Do you have money?

Recently, I forgot my flash disk on a computer in a Kampala internet café and when I went back a few hours later to claim it, the café attendant assured me that I had to part with ten thousand shillings for the ‘Good Samaritan who had picked it.’ What he forgot to say is that he himself was the Good Samaritan and that he had actually plucked it out of the machine, hoping to cash in on his good fortune.

Saturday, January 23, 2010
Ugandau2019s traffic policemen look immaculate in white, but their reputation is not as immaculate as their uniforms (Photo by Kelvin Odoobo)

Recently, I forgot my flash disk on a computer in a Kampala internet café and when I went back a few hours later to claim it, the café attendant assured me that I had to part with ten thousand shillings for the ‘Good Samaritan who had picked it.’

What he forgot to say is that he himself was the Good Samaritan and that he had actually plucked it out of the machine, hoping to cash in on his good fortune.

With a guilty smile he returned the gadget when I insisted that I had not lost or dropped it but had only forgotten it there.

That was a small victory against corruption but if it had been something more valuable belonging to a more desperate citizen perhaps the fellow could have got his way.

Such among many cases is how deeply corruption has got entrenched in the Ugandan society deep down to the common man. In my few days visit in Uganda, I heard the phrase "Do you have (the) money” very often.

It begins at the Katuna border where a passenger who held a temporary travel document was pulled aside by a forlorn looking policeman and asked. "Do you have money, because I can get you a police covering letter and call someone who can help you get a travel document in Kampala?”

In Uganda, corruption has lost the shame factor. People are not guilty of taking bribes. Instead they request aggressively making it clear that they are just trying to help. One such official in a government ministry who wanted to help a desperate senior citizen to access his pension file said, "Just give me one hundred thousand and we will do an express job for you.” His colleague added, "We are not thieves. That is just the express service fee.”

In order to extract more money, they will tell you how they have "put in money” so the file can be looked for or for the file to find itself in front of the officers’ desk before hundreds of other pending files. One of the reasons why there is rampant corruption in because of bureaucratic red tape in Ugandan offices.

In Rwanda, the government has worked hard to minimize this by making sure that most government services are accessible online and that government offices are accessible personally or through well displayed contacts on the office doors.

If government services are delivered quickly and efficiently, opportunities of exploitation by junior officials to ‘move things’ would not be necessary.

In Ugandan anything is possible with money.

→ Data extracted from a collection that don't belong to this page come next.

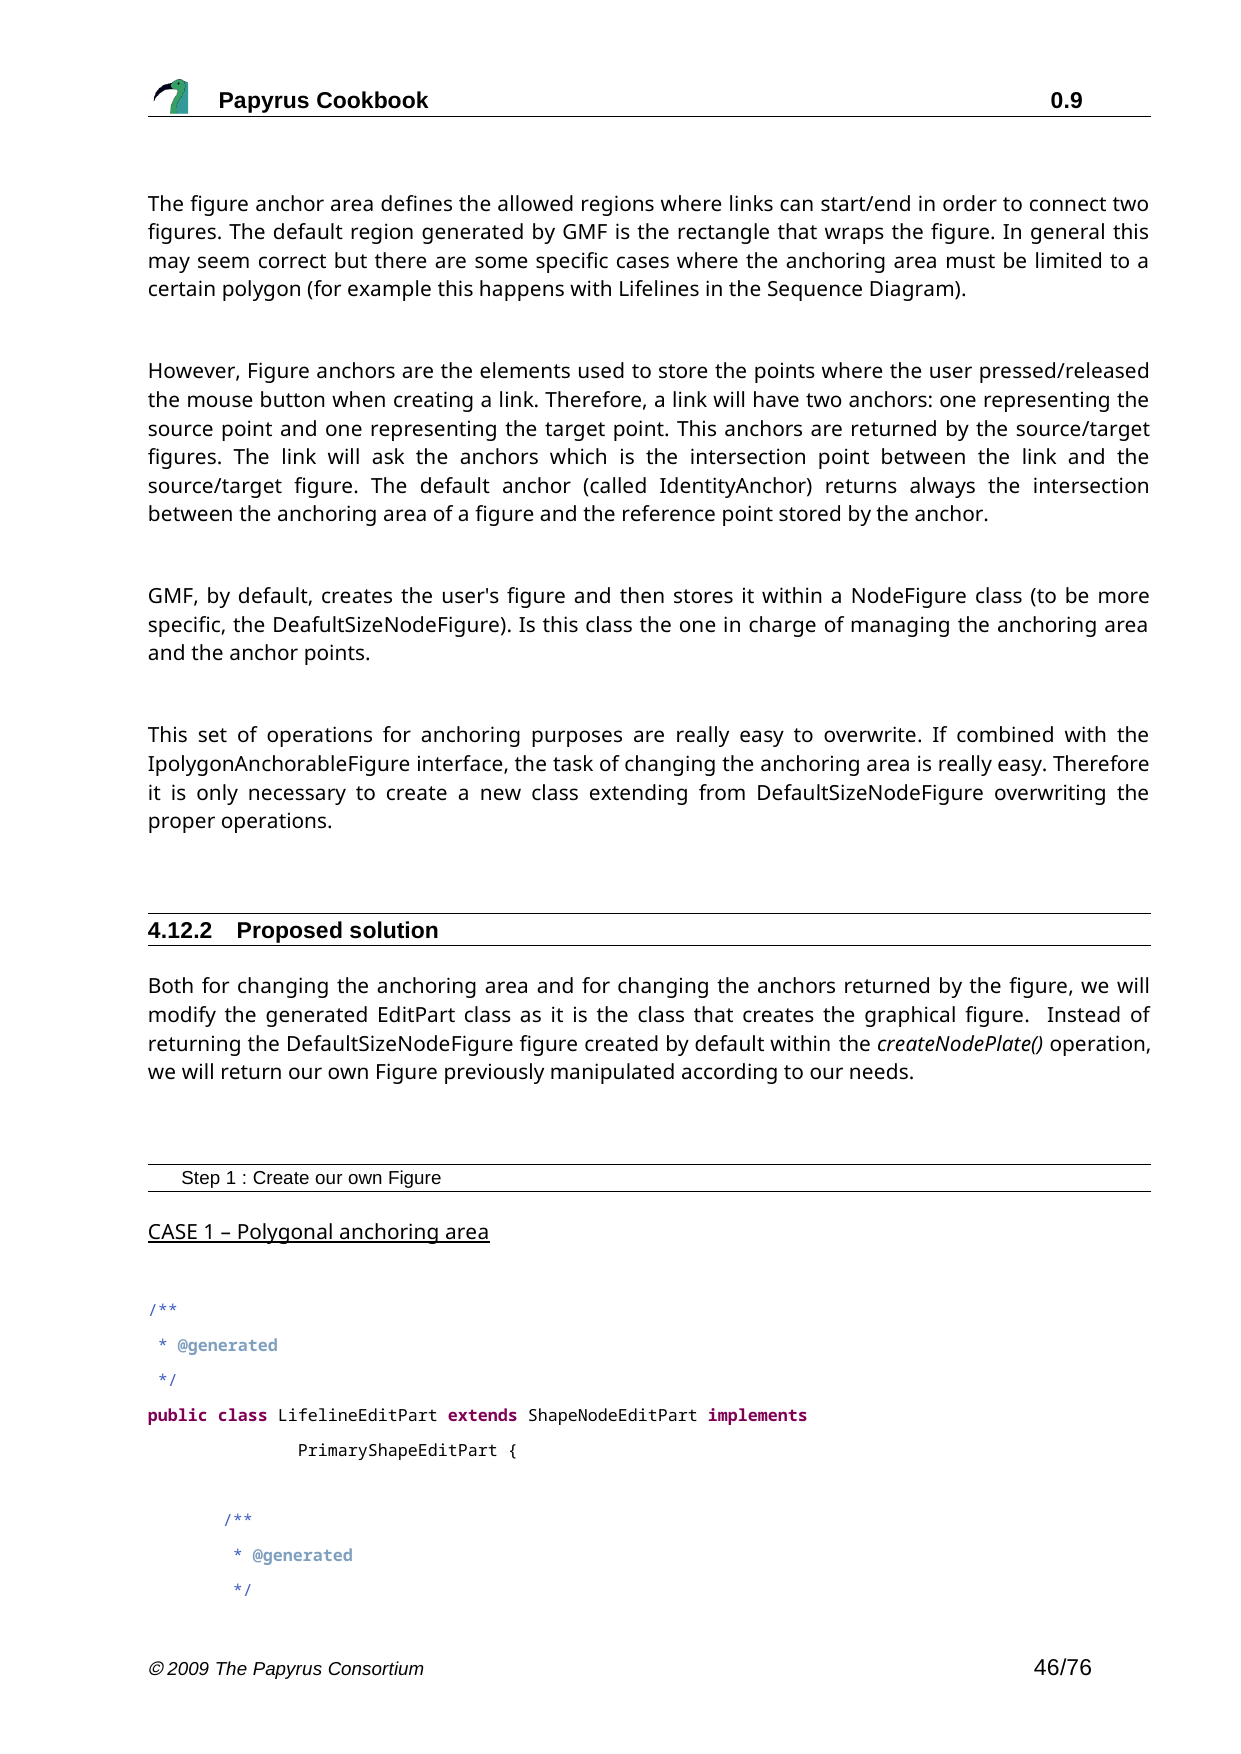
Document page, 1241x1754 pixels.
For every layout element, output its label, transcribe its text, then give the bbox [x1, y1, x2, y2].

text /** [148, 1299, 1151, 1322]
text PrimaryShapeEditPart { [148, 1439, 1151, 1462]
text * @generated [148, 1544, 1151, 1567]
text This set of operations for anchoring purposes are really easy to overwrite. If combined with the IpolygonAnchorableFigure interface, the task of changing the anchoring area is really easy. Therefore it is only necessary to create a new class extending from DefaultSizeNodeFigure overwriting the proper operations. [148, 720, 1151, 834]
picture [153, 79, 189, 114]
text * @generated [148, 1334, 1151, 1357]
subtitle Proposed solution [148, 914, 1151, 945]
text /** [148, 1509, 1151, 1532]
text Both for changing the anchoring area and for changing the anchors returned by the figure, we will modify the generated EditPart class as it is the class that creates the graphical figure. Instead of returning the DefaultSizeNodeFigure figure created by default within the createNodePlate() operation, we will return our own Figure previously manipulated according to our needs. [148, 971, 1151, 1086]
text */ [148, 1579, 1151, 1602]
text The figure anchor area defines the allowed regions where links can start/end in order to connect two figures. The default region generated by GMF is the rectangle that wraps the figure. In general this may seem correct but there are some specific cases where the anchoring area must be limited to a certain polygon (for example this happens with Lifelines in the Sequence Diagram). [148, 189, 1151, 303]
text CASE 1 – Polygonal anchoring area [148, 1217, 1151, 1246]
text public class LifelineEditPart extends ShapeNodeEditPart implements [148, 1404, 1151, 1427]
text */ [148, 1369, 1151, 1392]
text However, Figure anchors are the elements used to store the points where the user pressed/released the mouse button when creating a link. Therefore, a link will have two anchors: one representing the source point and one representing the target point. This anchors are returned by the source/target figures. The link will ask the anchors which is the intersection point between the link and the source/target figure. The default anchor (called IdentityAnchor) returns always the intersection between the anchoring area of a figure and the reference point stored by the anchor. [148, 356, 1151, 528]
text GMF, by default, creates the user's figure and then stores it within a NodeFigure class (to be more specific, the DeafultSizeNodeFigure). Is this class the one in charge of managing the anchoring area and the anchor points. [148, 581, 1151, 667]
subtitle Step 1 : Create our own Figure [148, 1165, 1151, 1191]
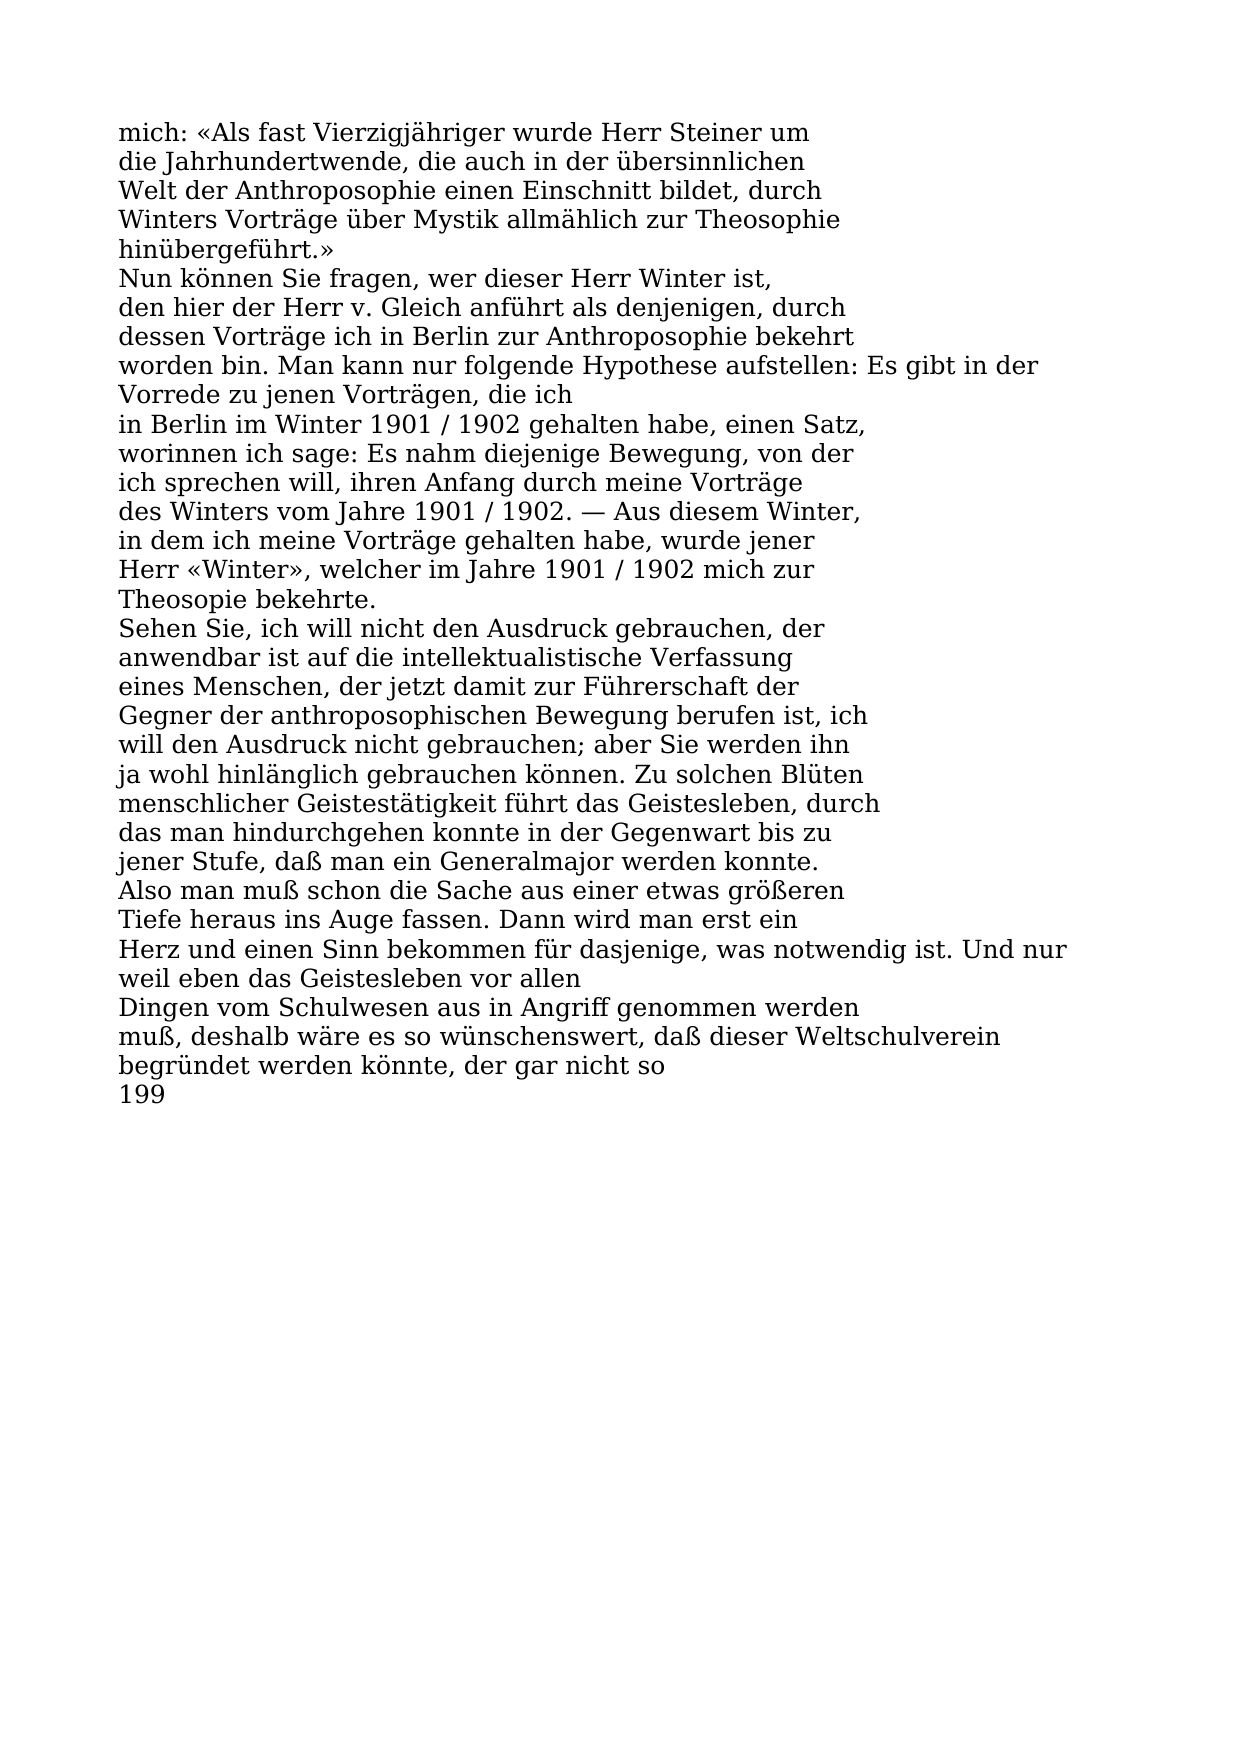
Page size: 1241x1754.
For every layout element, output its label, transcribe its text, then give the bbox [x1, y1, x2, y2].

text des Winters vom Jahre 1901 / 1902. — Aus diesem Winter, [118, 497, 1122, 526]
text in Berlin im Winter 1901 / 1902 gehalten habe, einen Satz, [118, 410, 1122, 439]
text Winters Vorträge über Mystik allmählich zur Theosophie [118, 206, 1122, 235]
text Herz und einen Sinn bekommen für dasjenige, was notwendig ist. Und nur weil eben das Geistesleben vor allen [118, 935, 1122, 993]
text ja wohl hinlänglich gebrauchen können. Zu solchen Blüten [118, 760, 1122, 789]
text in dem ich meine Vorträge gehalten habe, wurde jener [118, 526, 1122, 556]
text Tiefe heraus ins Auge fassen. Dann wird man erst ein [118, 906, 1122, 935]
text muß, deshalb wäre es so wünschenswert, daß dieser Weltschulverein begründet werden könnte, der gar nicht so [118, 1022, 1122, 1081]
text mich: «Als fast Vierzigjähriger wurde Herr Steiner um [118, 118, 1122, 147]
text worinnen ich sage: Es nahm diejenige Bewegung, von der [118, 439, 1122, 468]
text Dingen vom Schulwesen aus in Angriff genommen werden [118, 993, 1122, 1022]
text dessen Vorträge ich in Berlin zur Anthroposophie bekehrt [118, 322, 1122, 351]
text Nun können Sie fragen, wer dieser Herr Winter ist, [118, 264, 1122, 293]
text eines Menschen, der jetzt damit zur Führerschaft der [118, 672, 1122, 701]
text anwendbar ist auf die intellektualistische Verfassung [118, 643, 1122, 672]
text menschlicher Geistestätigkeit führt das Geistesleben, durch [118, 789, 1122, 818]
text jener Stufe, daß man ein Generalmajor werden konnte. [118, 847, 1122, 876]
text hinübergeführt.» [118, 235, 1122, 264]
text Also man muß schon die Sache aus einer etwas größeren [118, 876, 1122, 906]
text Gegner der anthroposophischen Bewegung berufen ist, ich [118, 701, 1122, 731]
text Sehen Sie, ich will nicht den Ausdruck gebrauchen, der [118, 614, 1122, 643]
text worden bin. Man kann nur folgende Hypothese aufstellen: Es gibt in der Vorrede zu jenen Vorträgen, die ich [118, 351, 1122, 410]
text den hier der Herr v. Gleich anführt als denjenigen, durch [118, 293, 1122, 322]
text will den Ausdruck nicht gebrauchen; aber Sie werden ihn [118, 731, 1122, 760]
text Herr «Winter», welcher im Jahre 1901 / 1902 mich zur [118, 556, 1122, 585]
text 199 [118, 1081, 1122, 1110]
text Theosopie bekehrte. [118, 585, 1122, 614]
text Welt der Anthroposophie einen Einschnitt bildet, durch [118, 176, 1122, 206]
text die Jahrhundertwende, die auch in der übersinnlichen [118, 147, 1122, 176]
text ich sprechen will, ihren Anfang durch meine Vorträge [118, 468, 1122, 497]
text das man hindurchgehen konnte in der Gegenwart bis zu [118, 818, 1122, 847]

Traffic policemen are famous for their bribe taking, but this new trick impressed me.

They stand at the traffic lights in the wee hours of the morning where they are invisible to an oncoming driver and since the lights do their color dance all night, instead of going the customary flickering yellow, the fellow is confident that more than half of the motorists will drive through the red lights beaus eit is late.

As soon as one makes a move, they pounce out of the dark and shock the motorists waving them down and demanding for a bribe to let them go. One such Ugandan motorist was wiser as soon as the policeman appeared; he put off all his car lights and sped off dangerously such that the man of law could not read the offending car’s number plates.

At a prominent lawyers office in Kampala I accompanied a friend to swear an affidavit. The innocent looking secretary asked "Do you have money, because it will cost you a notary fee of two thousand shillings and a processing fee of thirty thousand.”

On affirmation the lady typed the document quickly and led us out where we exchanged the money in the corridors and thanked us, after warning us, "those government things, you have to be having money, otherwise they will take months.” She chuckled. "This is Uganda.”

In Uganda money can get a busy student a mercenary who specializes in doing other students’ course works and in the big classes which run into hundreds, sitting exams for their ‘clients.’

You can get an express birth certificate even if you were fortunate to be born in a banana plantation in a remote part of the country. You can get a driving permit without stepping into a car. You can bribe your way out of a police cell and your nemesis way inside.

You can even get you child into the most prestigious government schools even if they failed their qualifying exams.

It begs the question. Is corruption inherent in Uganda or is it just a vice that can be done away with by a serious bottom up approach of transparency measures the way such progress has been achieved in Rwanda?